# WORK INSTRUCTIONS
Only a number is wanted: how many lines in these records contain the word "picture"?

[Data excerpts]
==================================================

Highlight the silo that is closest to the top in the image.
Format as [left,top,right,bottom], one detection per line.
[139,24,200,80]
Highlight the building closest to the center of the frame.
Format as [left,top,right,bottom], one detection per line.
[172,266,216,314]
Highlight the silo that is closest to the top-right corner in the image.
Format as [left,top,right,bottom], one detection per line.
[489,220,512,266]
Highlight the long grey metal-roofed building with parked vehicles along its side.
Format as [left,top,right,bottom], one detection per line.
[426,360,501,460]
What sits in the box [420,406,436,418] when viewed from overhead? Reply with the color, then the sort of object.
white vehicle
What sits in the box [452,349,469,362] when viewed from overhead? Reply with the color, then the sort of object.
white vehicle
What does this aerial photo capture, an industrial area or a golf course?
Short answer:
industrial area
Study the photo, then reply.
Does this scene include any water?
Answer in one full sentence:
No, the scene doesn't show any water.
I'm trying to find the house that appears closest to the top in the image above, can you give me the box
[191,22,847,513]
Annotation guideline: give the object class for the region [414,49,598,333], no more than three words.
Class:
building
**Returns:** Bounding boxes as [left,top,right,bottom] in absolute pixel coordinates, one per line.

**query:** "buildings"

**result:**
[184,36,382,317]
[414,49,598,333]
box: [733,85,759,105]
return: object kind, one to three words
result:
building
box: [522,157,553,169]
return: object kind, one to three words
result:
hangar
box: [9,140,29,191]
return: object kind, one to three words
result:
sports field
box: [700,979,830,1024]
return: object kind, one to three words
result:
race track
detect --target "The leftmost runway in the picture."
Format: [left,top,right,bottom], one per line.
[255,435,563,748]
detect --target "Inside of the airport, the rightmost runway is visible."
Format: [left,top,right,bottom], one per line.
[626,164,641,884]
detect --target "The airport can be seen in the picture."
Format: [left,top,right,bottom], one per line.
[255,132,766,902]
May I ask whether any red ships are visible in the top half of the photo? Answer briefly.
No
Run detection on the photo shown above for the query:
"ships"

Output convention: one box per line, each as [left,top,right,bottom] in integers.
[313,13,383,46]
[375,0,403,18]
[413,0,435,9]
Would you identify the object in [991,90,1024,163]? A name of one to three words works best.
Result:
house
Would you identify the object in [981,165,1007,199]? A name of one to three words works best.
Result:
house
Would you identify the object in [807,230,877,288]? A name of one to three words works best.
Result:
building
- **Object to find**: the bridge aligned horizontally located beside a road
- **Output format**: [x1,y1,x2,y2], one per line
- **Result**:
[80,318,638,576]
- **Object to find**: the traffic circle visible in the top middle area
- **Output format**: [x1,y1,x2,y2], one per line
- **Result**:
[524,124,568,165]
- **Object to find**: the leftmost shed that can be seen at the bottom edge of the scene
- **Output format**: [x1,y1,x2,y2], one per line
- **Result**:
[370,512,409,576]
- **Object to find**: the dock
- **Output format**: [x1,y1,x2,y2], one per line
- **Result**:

==================================================

# WRITTEN ANSWER
2